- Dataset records
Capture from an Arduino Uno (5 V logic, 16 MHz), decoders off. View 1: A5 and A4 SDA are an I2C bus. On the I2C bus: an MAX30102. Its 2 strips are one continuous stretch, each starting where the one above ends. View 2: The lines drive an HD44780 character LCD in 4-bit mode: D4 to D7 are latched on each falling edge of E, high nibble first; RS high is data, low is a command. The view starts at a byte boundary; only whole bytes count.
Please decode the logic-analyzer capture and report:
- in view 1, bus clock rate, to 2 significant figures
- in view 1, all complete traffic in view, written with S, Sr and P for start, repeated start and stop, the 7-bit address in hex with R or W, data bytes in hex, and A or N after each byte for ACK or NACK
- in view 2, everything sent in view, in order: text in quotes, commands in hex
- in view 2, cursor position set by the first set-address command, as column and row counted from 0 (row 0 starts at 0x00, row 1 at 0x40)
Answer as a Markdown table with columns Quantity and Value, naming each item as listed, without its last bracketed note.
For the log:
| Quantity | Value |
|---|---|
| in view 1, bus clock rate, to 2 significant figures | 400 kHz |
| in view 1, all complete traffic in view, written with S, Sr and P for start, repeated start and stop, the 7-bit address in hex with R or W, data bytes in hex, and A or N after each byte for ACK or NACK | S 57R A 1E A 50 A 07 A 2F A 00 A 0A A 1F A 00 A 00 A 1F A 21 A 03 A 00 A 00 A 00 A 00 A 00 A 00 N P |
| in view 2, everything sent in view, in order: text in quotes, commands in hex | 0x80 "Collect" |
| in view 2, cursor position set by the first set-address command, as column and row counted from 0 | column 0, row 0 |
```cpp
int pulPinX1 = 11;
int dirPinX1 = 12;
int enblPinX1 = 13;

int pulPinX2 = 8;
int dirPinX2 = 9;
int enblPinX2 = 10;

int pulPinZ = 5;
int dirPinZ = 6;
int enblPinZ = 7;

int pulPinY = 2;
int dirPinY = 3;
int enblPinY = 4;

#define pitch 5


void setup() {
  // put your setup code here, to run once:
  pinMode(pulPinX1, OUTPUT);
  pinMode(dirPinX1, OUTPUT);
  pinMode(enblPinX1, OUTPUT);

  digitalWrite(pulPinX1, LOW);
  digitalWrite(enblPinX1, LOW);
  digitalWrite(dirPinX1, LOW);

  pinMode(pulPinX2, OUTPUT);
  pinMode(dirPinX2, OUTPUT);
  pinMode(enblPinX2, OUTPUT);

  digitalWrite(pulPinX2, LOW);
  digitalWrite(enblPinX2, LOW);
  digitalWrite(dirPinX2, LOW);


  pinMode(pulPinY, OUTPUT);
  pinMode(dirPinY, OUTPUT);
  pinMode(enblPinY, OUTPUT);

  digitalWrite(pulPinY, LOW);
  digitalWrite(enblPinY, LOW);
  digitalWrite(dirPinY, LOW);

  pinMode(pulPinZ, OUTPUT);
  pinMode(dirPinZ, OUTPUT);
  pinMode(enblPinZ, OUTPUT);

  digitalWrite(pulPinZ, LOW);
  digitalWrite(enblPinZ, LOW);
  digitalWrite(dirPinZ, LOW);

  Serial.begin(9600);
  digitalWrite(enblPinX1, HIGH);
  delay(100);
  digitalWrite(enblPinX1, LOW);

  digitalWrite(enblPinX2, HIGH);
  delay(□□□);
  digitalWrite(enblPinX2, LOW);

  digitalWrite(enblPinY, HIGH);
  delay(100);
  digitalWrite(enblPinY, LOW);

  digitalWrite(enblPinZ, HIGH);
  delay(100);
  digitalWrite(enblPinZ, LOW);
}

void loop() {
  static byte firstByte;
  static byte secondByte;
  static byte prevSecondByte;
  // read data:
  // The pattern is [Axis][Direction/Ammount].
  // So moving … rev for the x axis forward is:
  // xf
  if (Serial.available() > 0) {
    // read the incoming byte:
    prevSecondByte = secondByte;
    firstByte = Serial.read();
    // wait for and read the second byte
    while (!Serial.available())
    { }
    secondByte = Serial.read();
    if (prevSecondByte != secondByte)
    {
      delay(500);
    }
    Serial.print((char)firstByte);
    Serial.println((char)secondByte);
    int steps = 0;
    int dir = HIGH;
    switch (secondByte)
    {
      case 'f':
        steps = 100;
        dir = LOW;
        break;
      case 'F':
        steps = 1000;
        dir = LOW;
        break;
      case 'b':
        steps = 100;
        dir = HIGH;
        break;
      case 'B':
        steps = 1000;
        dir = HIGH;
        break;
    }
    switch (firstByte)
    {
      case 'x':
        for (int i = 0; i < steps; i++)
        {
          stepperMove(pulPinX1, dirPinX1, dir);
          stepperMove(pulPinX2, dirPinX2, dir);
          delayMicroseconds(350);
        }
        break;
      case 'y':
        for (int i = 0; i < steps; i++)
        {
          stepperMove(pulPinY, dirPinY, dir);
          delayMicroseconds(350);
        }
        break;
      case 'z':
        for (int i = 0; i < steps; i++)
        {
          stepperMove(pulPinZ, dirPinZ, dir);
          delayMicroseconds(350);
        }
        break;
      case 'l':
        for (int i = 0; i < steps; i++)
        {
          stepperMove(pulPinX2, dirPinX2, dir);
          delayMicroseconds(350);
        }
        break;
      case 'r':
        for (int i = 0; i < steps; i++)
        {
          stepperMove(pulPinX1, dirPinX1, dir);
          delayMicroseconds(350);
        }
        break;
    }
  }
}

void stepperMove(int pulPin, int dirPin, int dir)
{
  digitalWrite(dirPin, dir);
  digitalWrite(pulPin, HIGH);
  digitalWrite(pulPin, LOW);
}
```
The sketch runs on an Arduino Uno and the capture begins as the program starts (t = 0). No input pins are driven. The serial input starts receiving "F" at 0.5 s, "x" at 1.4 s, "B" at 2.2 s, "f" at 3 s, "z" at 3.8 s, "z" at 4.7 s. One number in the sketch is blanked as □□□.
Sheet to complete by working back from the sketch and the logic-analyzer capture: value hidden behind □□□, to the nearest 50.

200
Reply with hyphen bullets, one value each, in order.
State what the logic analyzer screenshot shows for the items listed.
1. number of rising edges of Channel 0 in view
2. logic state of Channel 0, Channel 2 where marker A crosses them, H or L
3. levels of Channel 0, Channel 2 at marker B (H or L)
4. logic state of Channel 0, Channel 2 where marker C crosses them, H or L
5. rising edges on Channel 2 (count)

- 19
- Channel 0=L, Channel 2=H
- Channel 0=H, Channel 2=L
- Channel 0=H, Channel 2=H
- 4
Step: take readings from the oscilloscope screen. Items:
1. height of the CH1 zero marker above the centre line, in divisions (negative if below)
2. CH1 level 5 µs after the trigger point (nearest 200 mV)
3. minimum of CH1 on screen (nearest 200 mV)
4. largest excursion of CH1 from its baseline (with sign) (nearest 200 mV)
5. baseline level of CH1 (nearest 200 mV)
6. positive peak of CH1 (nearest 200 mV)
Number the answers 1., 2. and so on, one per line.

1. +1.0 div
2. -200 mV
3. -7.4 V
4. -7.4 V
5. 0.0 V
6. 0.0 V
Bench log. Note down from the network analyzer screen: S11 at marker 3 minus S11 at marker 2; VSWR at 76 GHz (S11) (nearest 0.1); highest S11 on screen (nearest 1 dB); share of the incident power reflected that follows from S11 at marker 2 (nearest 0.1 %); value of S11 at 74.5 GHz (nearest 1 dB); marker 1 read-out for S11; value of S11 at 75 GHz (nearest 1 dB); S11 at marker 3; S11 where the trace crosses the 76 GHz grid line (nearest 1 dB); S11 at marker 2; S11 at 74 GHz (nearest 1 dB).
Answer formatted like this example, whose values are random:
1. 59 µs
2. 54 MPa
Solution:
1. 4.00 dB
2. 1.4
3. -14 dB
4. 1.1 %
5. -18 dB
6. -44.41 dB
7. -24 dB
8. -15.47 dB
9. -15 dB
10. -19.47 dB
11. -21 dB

...

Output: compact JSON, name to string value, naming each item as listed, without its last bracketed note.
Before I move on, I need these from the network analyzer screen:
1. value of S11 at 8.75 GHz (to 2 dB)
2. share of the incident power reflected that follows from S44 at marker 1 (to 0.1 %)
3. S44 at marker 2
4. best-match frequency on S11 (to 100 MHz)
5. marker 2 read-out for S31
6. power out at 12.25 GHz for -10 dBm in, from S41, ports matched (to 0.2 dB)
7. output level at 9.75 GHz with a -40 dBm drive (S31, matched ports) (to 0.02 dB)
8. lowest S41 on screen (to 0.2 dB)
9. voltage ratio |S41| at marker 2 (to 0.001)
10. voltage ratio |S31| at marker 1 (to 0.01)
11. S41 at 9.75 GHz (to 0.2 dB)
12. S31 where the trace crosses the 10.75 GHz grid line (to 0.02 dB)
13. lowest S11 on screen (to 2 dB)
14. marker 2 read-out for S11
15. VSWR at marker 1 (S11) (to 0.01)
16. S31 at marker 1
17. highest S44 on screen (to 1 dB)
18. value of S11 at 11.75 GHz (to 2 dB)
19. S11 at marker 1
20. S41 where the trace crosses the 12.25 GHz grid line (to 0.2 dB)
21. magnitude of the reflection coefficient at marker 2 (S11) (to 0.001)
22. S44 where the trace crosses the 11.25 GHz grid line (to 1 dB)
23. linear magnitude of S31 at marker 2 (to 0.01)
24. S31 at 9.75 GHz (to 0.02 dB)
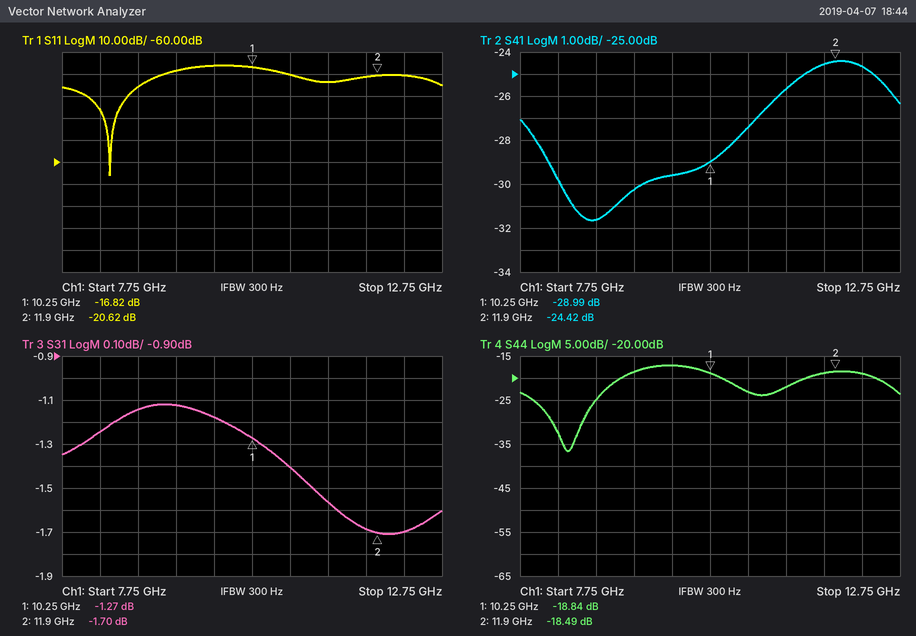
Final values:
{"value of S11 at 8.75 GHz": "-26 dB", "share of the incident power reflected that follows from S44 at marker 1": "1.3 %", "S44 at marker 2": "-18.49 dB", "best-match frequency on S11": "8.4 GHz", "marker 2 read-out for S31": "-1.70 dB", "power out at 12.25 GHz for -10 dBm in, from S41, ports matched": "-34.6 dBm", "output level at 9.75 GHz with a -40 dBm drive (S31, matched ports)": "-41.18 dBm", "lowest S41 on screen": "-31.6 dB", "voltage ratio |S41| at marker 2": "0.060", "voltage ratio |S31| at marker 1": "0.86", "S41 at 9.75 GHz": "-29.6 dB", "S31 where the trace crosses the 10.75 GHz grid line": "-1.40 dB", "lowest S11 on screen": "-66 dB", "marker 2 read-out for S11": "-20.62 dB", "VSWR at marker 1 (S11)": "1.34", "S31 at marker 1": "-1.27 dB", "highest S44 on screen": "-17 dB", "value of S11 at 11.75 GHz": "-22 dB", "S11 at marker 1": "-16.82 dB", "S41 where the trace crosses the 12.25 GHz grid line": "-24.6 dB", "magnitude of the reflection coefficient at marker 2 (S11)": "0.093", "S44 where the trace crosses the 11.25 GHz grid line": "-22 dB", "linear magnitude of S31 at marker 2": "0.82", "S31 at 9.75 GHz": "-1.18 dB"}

- ASSIGNMENT
In the records above, locate the lines holding the word "naming". Copy each of them.

- EXERCISE OUTPUT
Answer as a Markdown table with columns Quantity and Value, naming each item as listed, without its last bracketed note.
Output: compact JSON, name to string value, naming each item as listed, without its last bracketed note.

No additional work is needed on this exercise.